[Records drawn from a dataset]
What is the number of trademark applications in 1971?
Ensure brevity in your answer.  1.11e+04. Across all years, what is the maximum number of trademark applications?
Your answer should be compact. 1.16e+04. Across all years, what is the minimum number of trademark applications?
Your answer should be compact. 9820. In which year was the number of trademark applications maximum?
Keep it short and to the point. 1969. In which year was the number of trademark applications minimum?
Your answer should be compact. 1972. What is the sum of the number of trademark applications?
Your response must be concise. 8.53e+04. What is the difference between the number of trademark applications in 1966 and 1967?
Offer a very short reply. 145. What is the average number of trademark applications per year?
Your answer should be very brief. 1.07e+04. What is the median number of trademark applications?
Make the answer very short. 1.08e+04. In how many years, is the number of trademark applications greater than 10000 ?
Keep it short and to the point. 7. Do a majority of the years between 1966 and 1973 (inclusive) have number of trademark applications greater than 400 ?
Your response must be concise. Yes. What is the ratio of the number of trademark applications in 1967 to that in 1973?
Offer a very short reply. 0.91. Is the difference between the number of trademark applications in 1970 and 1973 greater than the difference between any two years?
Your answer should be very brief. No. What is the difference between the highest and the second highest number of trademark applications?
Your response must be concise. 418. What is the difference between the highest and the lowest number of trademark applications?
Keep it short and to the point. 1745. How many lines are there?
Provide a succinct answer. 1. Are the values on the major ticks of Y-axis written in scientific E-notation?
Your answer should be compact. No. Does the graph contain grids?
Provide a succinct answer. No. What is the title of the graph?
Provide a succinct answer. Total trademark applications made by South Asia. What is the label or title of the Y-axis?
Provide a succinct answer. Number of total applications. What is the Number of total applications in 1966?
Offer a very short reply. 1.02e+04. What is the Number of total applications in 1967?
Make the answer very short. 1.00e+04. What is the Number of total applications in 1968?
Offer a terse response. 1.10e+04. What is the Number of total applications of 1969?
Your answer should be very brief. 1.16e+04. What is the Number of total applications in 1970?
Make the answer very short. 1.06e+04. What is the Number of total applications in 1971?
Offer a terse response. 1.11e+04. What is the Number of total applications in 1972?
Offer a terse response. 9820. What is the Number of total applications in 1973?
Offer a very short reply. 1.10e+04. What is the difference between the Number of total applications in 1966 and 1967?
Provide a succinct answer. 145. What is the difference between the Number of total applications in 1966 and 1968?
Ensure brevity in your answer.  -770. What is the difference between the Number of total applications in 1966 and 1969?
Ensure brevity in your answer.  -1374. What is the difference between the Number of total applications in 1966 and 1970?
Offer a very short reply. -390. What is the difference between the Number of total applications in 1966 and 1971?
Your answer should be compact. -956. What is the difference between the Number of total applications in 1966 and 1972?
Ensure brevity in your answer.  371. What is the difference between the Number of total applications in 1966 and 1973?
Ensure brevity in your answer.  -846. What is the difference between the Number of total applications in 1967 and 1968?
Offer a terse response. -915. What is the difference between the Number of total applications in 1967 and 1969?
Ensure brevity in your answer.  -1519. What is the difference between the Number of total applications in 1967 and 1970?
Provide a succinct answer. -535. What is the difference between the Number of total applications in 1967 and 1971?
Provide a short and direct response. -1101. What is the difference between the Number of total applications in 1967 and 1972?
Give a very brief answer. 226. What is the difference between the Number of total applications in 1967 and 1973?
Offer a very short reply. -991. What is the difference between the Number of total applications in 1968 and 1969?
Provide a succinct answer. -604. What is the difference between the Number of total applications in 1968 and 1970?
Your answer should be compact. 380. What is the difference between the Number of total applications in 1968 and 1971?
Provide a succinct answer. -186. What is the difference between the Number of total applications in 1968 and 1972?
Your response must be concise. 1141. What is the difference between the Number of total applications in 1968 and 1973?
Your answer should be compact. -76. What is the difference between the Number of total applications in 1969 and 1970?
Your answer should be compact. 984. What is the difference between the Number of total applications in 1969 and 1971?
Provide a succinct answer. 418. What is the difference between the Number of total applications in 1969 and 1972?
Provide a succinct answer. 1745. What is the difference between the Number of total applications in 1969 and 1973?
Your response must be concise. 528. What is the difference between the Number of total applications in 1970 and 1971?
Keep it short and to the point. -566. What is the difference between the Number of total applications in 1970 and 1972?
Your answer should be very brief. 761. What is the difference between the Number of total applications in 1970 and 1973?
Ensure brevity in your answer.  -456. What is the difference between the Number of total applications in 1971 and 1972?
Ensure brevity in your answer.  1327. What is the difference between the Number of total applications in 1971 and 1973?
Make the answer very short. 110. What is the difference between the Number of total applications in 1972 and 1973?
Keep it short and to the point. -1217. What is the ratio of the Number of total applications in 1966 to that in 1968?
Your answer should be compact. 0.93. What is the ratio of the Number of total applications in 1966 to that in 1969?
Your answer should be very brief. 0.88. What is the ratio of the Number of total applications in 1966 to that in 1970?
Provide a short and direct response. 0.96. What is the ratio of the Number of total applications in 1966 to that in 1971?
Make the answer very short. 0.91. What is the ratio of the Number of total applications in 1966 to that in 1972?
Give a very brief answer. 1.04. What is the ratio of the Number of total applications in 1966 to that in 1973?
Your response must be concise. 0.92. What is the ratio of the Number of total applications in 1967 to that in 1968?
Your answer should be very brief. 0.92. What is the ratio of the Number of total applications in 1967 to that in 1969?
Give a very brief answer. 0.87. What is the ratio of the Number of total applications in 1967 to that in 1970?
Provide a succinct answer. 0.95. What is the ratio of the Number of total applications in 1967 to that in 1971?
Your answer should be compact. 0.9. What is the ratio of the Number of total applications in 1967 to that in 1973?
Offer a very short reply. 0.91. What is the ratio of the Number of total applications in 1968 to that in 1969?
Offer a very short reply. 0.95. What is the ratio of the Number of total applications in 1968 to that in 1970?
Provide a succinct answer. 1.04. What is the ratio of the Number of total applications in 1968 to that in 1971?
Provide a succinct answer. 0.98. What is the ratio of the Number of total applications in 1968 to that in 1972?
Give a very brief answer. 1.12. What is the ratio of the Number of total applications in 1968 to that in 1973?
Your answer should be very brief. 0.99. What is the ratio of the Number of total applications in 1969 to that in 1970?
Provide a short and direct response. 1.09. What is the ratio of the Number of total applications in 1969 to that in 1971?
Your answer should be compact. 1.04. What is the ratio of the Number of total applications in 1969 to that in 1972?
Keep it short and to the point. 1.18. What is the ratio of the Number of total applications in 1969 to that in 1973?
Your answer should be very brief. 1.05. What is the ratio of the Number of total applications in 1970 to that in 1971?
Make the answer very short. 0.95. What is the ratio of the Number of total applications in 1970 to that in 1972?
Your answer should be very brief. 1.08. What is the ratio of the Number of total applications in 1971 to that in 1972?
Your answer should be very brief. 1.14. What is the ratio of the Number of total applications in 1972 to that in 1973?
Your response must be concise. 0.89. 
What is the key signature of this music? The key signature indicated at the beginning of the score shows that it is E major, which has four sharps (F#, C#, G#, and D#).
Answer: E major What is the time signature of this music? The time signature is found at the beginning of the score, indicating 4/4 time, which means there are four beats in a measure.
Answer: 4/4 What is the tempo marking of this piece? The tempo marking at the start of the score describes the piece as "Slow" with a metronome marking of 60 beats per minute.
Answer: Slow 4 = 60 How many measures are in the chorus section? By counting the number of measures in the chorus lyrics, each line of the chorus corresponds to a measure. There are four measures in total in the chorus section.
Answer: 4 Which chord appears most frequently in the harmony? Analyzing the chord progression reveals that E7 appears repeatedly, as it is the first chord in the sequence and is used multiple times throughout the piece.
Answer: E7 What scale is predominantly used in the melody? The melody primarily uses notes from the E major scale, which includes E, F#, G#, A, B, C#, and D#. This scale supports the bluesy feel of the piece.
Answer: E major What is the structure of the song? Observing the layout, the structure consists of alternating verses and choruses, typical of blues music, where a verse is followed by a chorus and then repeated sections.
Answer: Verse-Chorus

- **WORK TO BE COMPLETED**: Transcribe every record above word for word.

- **COMPLETED EXERCISE**:
What is the number of trademark applications in 1971?
Ensure brevity in your answer.  1.11e+04. Across all years, what is the maximum number of trademark applications?
Your answer should be compact. 1.16e+04. Across all years, what is the minimum number of trademark applications?
Your answer should be compact. 9820. In which year was the number of trademark applications maximum?
Keep it short and to the point. 1969. In which year was the number of trademark applications minimum?
Your answer should be compact. 1972. What is the sum of the number of trademark applications?
Your response must be concise. 8.53e+04. What is the difference between the number of trademark applications in 1966 and 1967?
Offer a very short reply. 145. What is the average number of trademark applications per year?
Your answer should be very brief. 1.07e+04. What is the median number of trademark applications?
Make the answer very short. 1.08e+04. In how many years, is the number of trademark applications greater than 10000 ?
Keep it short and to the point. 7. Do a majority of the years between 1966 and 1973 (inclusive) have number of trademark applications greater than 400 ?
Your response must be concise. Yes. What is the ratio of the number of trademark applications in 1967 to that in 1973?
Offer a very short reply. 0.91. Is the difference between the number of trademark applications in 1970 and 1973 greater than the difference between any two years?
Your answer should be very brief. No. What is the difference between the highest and the second highest number of trademark applications?
Your response must be concise. 418. What is the difference between the highest and the lowest number of trademark applications?
Keep it short and to the point. 1745. How many lines are there?
Provide a succinct answer. 1. Are the values on the major ticks of Y-axis written in scientific E-notation?
Your answer should be compact. No. Does the graph contain grids?
Provide a succinct answer. No. What is the title of the graph?
Provide a succinct answer. Total trademark applications made by South Asia. What is the label or title of the Y-axis?
Provide a succinct answer. Number of total applications. What is the Number of total applications in 1966?
Offer a very short reply. 1.02e+04. What is the Number of total applications in 1967?
Make the answer very short. 1.00e+04. What is the Number of total applications in 1968?
Offer a terse response. 1.10e+04. What is the Number of total applications of 1969?
Your answer should be very brief. 1.16e+04. What is the Number of total applications in 1970?
Make the answer very short. 1.06e+04. What is the Number of total applications in 1971?
Offer a terse response. 1.11e+04. What is the Number of total applications in 1972?
Offer a terse response. 9820. What is the Number of total applications in 1973?
Offer a very short reply. 1.10e+04. What is the difference between the Number of total applications in 1966 and 1967?
Provide a succinct answer. 145. What is the difference between the Number of total applications in 1966 and 1968?
Ensure brevity in your answer.  -770. What is the difference between the Number of total applications in 1966 and 1969?
Ensure brevity in your answer.  -1374. What is the difference between the Number of total applications in 1966 and 1970?
Offer a very short reply. -390. What is the difference between the Number of total applications in 1966 and 1971?
Your answer should be compact. -956. What is the difference between the Number of total applications in 1966 and 1972?
Ensure brevity in your answer.  371. What is the difference between the Number of total applications in 1966 and 1973?
Ensure brevity in your answer.  -846. What is the difference between the Number of total applications in 1967 and 1968?
Offer a terse response. -915. What is the difference between the Number of total applications in 1967 and 1969?
Ensure brevity in your answer.  -1519. What is the difference between the Number of total applications in 1967 and 1970?
Provide a succinct answer. -535. What is the difference between the Number of total applications in 1967 and 1971?
Provide a short and direct response. -1101. What is the difference between the Number of total applications in 1967 and 1972?
Give a very brief answer. 226. What is the difference between the Number of total applications in 1967 and 1973?
Offer a very short reply. -991. What is the difference between the Number of total applications in 1968 and 1969?
Provide a succinct answer. -604. What is the difference between the Number of total applications in 1968 and 1970?
Your answer should be compact. 380. What is the difference between the Number of total applications in 1968 and 1971?
Provide a succinct answer. -186. What is the difference between the Number of total applications in 1968 and 1972?
Your response must be concise. 1141. What is the difference between the Number of total applications in 1968 and 1973?
Your answer should be compact. -76. What is the difference between the Number of total applications in 1969 and 1970?
Your answer should be compact. 984. What is the difference between the Number of total applications in 1969 and 1971?
Provide a succinct answer. 418. What is the difference between the Number of total applications in 1969 and 1972?
Provide a succinct answer. 1745. What is the difference between the Number of total applications in 1969 and 1973?
Your response must be concise. 528. What is the difference between the Number of total applications in 1970 and 1971?
Keep it short and to the point. -566. What is the difference between the Number of total applications in 1970 and 1972?
Your answer should be very brief. 761. What is the difference between the Number of total applications in 1970 and 1973?
Ensure brevity in your answer.  -456. What is the difference between the Number of total applications in 1971 and 1972?
Ensure brevity in your answer.  1327. What is the difference between the Number of total applications in 1971 and 1973?
Make the answer very short. 110. What is the difference between the Number of total applications in 1972 and 1973?
Keep it short and to the point. -1217. What is the ratio of the Number of total applications in 1966 to that in 1968?
Your answer should be compact. 0.93. What is the ratio of the Number of total applications in 1966 to that in 1969?
Your answer should be very brief. 0.88. What is the ratio of the Number of total applications in 1966 to that in 1970?
Provide a short and direct response. 0.96. What is the ratio of the Number of total applications in 1966 to that in 1971?
Make the answer very short. 0.91. What is the ratio of the Number of total applications in 1966 to that in 1972?
Give a very brief answer. 1.04. What is the ratio of the Number of total applications in 1966 to that in 1973?
Your response must be concise. 0.92. What is the ratio of the Number of total applications in 1967 to that in 1968?
Your answer should be very brief. 0.92. What is the ratio of the Number of total applications in 1967 to that in 1969?
Give a very brief answer. 0.87. What is the ratio of the Number of total applications in 1967 to that in 1970?
Provide a succinct answer. 0.95. What is the ratio of the Number of total applications in 1967 to that in 1971?
Your answer should be compact. 0.9. What is the ratio of the Number of total applications in 1967 to that in 1973?
Offer a very short reply. 0.91. What is the ratio of the Number of total applications in 1968 to that in 1969?
Offer a very short reply. 0.95. What is the ratio of the Number of total applications in 1968 to that in 1970?
Provide a succinct answer. 1.04. What is the ratio of the Number of total applications in 1968 to that in 1971?
Provide a succinct answer. 0.98. What is the ratio of the Number of total applications in 1968 to that in 1972?
Give a very brief answer. 1.12. What is the ratio of the Number of total applications in 1968 to that in 1973?
Your answer should be very brief. 0.99. What is the ratio of the Number of total applications in 1969 to that in 1970?
Provide a short and direct response. 1.09. What is the ratio of the Number of total applications in 1969 to that in 1971?
Your answer should be compact. 1.04. What is the ratio of the Number of total applications in 1969 to that in 1972?
Keep it short and to the point. 1.18. What is the ratio of the Number of total applications in 1969 to that in 1973?
Your answer should be very brief. 1.05. What is the ratio of the Number of total applications in 1970 to that in 1971?
Make the answer very short. 0.95. What is the ratio of the Number of total applications in 1970 to that in 1972?
Your answer should be very brief. 1.08. What is the ratio of the Number of total applications in 1971 to that in 1972?
Your answer should be very brief. 1.14. What is the ratio of the Number of total applications in 1972 to that in 1973?
Your response must be concise. 0.89. 
What is the key signature of this music? The key signature indicated at the beginning of the score shows that it is E major, which has four sharps (F#, C#, G#, and D#).
Answer: E major What is the time signature of this music? The time signature is found at the beginning of the score, indicating 4/4 time, which means there are four beats in a measure.
Answer: 4/4 What is the tempo marking of this piece? The tempo marking at the start of the score describes the piece as "Slow" with a metronome marking of 60 beats per minute.
Answer: Slow 4 = 60 How many measures are in the chorus section? By counting the number of measures in the chorus lyrics, each line of the chorus corresponds to a measure. There are four measures in total in the chorus section.
Answer: 4 Which chord appears most frequently in the harmony? Analyzing the chord progression reveals that E7 appears repeatedly, as it is the first chord in the sequence and is used multiple times throughout the piece.
Answer: E7 What scale is predominantly used in the melody? The melody primarily uses notes from the E major scale, which includes E, F#, G#, A, B, C#, and D#. This scale supports the bluesy feel of the piece.
Answer: E major What is the structure of the song? Observing the layout, the structure consists of alternating verses and choruses, typical of blues music, where a verse is followed by a chorus and then repeated sections.
Answer: Verse-Chorus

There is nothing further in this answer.